Wednesday, August 5, 2015

Review: Daredevil the tv series




My history with comic book franchises centers mostly around the animated DC properties and the recently released string of Marvel movies.  So stepping into the Daredevil series, I knew bits and pieces of the character (from a failed Ben Affleck movie) and what I could glean from Wikipedia.  Knowing he was very similar to Batman in the almost lack of super powers and being the gritty crime fighter, I knew he'd be right up my alley.

And damn was I right.

This series is near perfect.  Atmosphere, well written characters and an overall tone that sucks you in almost instantly.  The lighting is used perfectly to simulate how dark the world is to the main character making the watcher almost blind, but it's done in an almost masterful way that you really don't feel like you're losing anything.  That and how they illustrate what he sees is so well done, you know exactly what his power is and you never lose sight of the fact that he's blind (ha ha) which is incredibly important to the show's premise and to representation as a whole.

And yes, while the series did have a few stumbles in representation (such as not having a hearing impaired audio track when it was first released) that has since been corrected and it comes as a great package.  I honestly see nothing horrible about the series and am eagerly anticipating the next installment of this and the other series Marvel has with Netflix.  If they are even half as good as this first presentation, I will be beyond happy.

I also want to take a moment to touch on the language of the show.  Not so much how the characters speak, but literally the languages.  Being a city full of colorful and interesting characters with a lot of power, this show isn't scared to have them speak in their own native languages and have the watcher read subtitles for a good portion.  They don't even take the cop-out of having the characters speak in their language for a bit then switch to English, assuming we know their still speaking another language.  Instead this show unabashedly has Russian, Spanish, Chinese and probably others as part of the normal landscape - and it adds to the show.  Yes, you have to read subtitles (which I know some people hate) but in leaving it all there naturally it adds to the authentic feeling of the show and it's even used as effective intimidation between some of the characters.  Its something we rarely see in shows and it comes as a welcome new piece.

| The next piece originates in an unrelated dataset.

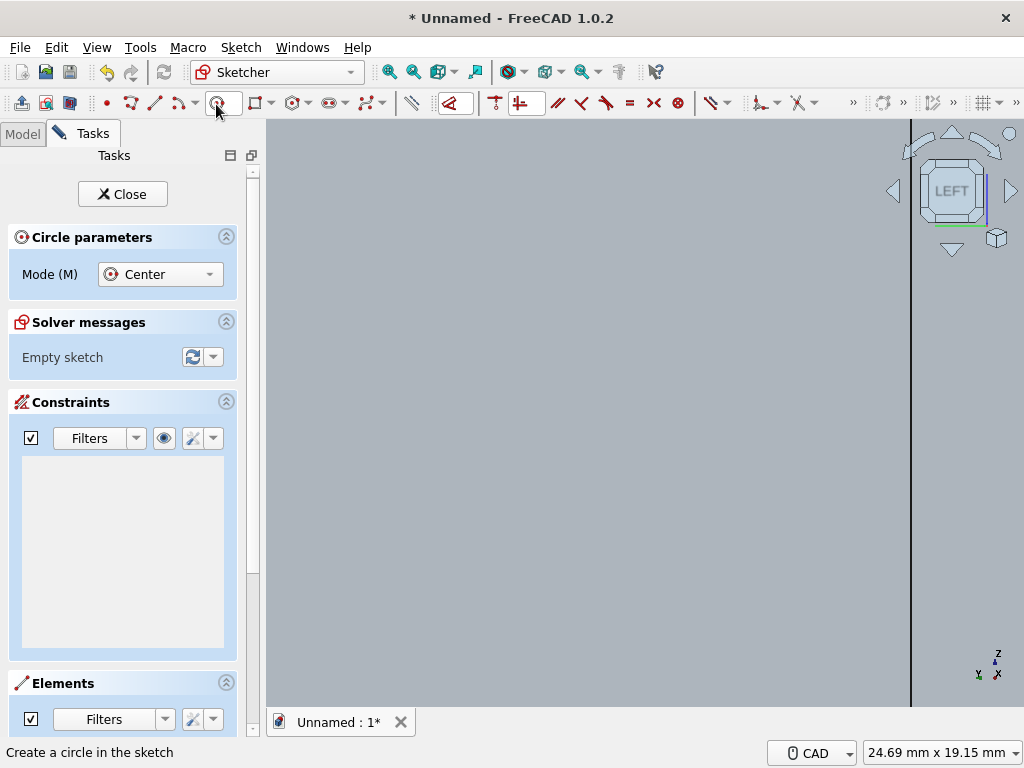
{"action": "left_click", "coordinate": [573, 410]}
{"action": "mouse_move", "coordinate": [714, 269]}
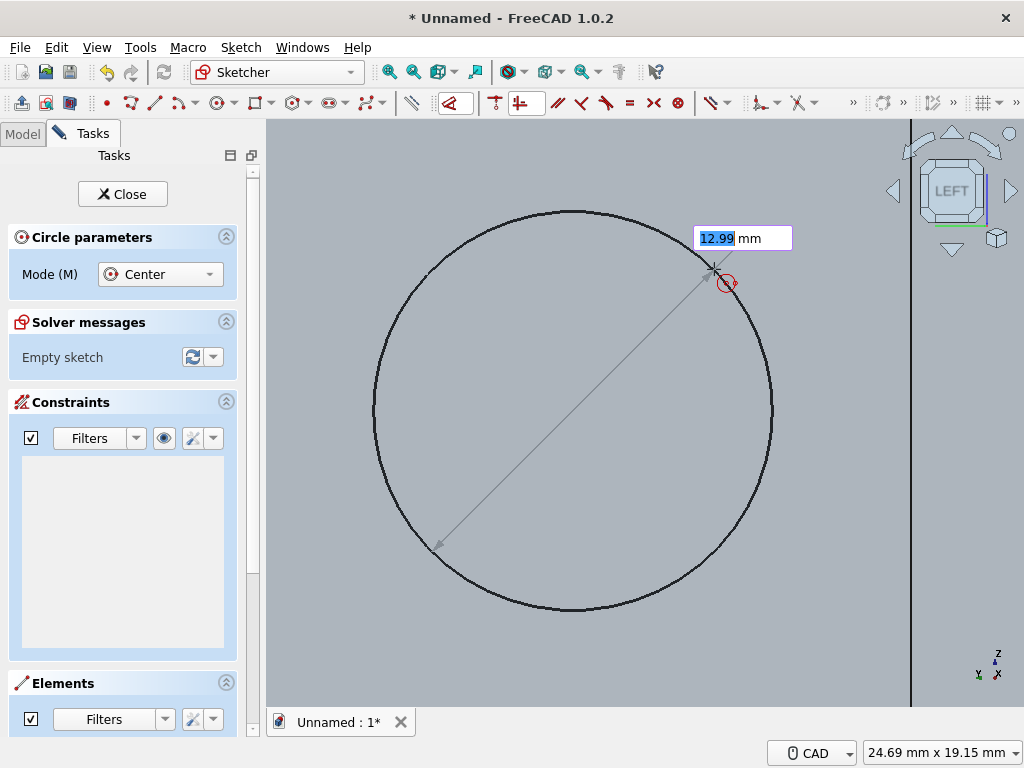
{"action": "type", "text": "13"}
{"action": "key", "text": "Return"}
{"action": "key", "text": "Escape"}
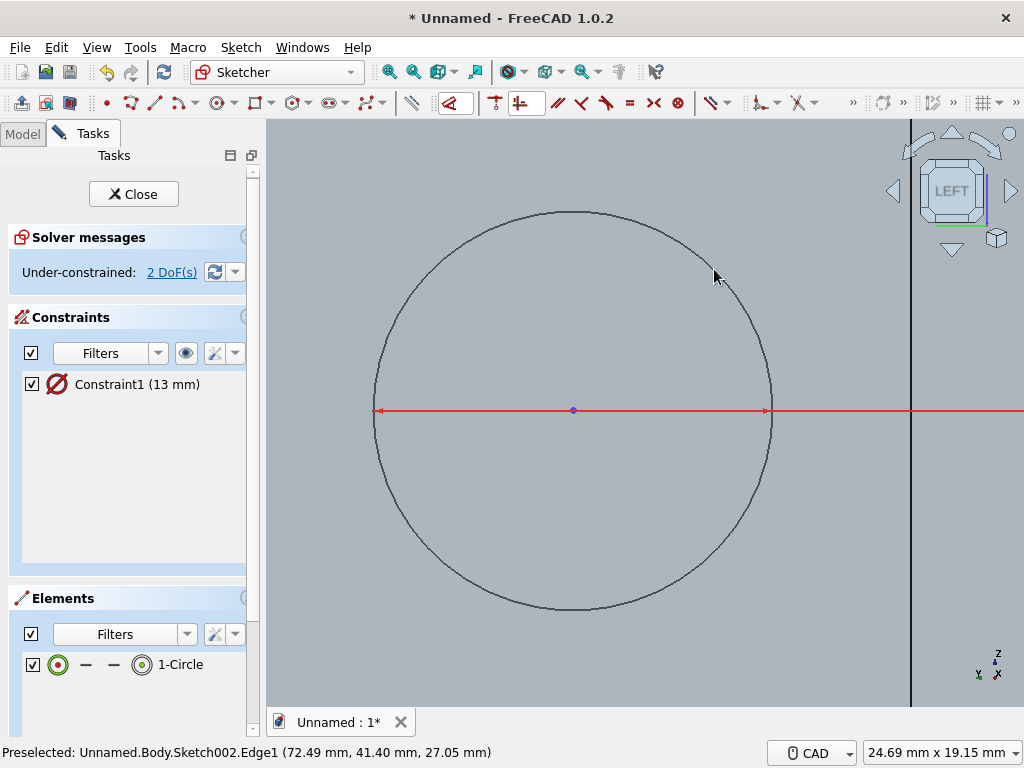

I recognize that Marvel and Netflix are experimenting a lot with this series and the other Marvel ones to come.  From the harshly realistic fight scenes, to the audio canvas of the show, to the lighting and the well written characters.  Taking the whole package into account I love it, and I'm very eager to see how this show and the other upcoming ones play out.

Now for the fun part and looking a bit deeper at the well written characters.  There may be general spoilers below the picture, just a heads up. 



While all the characters are well written, the image of Wilson Fisk is the most striking.  I'm familiar with the Kingpin character from the Spiderman animated series of the 90's, and the Daredevil movie mentioned before.  In each of those he was a large and tall man, who spoke with authority and commanded the room around him.  This series introduces you to someone very different in Vincent D'onofrio.  His trademarked stuttering on words and stumbling over sentences from Law and Order is present and used masterfully to create a man who seems quiet and unsure of himself, but completely sure of his path and where he deserves to be, no matter what the cost.  All of this combined creates the sense that this character is a walking time bomb where the counter has stopped displaying.  You know he's going to explode, but you don't know when.  And you have no idea how big the wake zone will be.  It makes every scene with him nail-biting, because you're just waiting for the inevitable to occur in the worst way possible.  And when it does happen, you can't help but sit back from the screen to try and stay out of the range of his murderous rage.

As his story unfolded, I actually found myself rooting for him in a strange way.  No, I don't approve of his methods or the lengths he goes to, but I would have to be blind if I said I didn't see the similarities between him and Matt Murdock laid out so plainly to see.  I won't tell the details, but when Fisk's full backing for his actions was laid out, I felt for him.  He's the bad guy dammit, and I didn't want him to win, but damn was his character ever written well.  It's writing like this that will bring me back to this series and will always win me over.  It takes a lot to make me like a complete bastard of a man, and this show knew exactly what cords to hit.

If I ever wanted to point someone to such a perfect display of amazingly well written characters, Daredevil will now pop forefront in my mind.


All in all, like I said, I love the series.  I'm sorry it took me so long to watch it, but I don't regret watching it at all.  I can't wait for the next installment - Jessica Jones - when it comes out.  You got me Netflix and Marvel.  Now don't lose your stride, keep me here.  Please.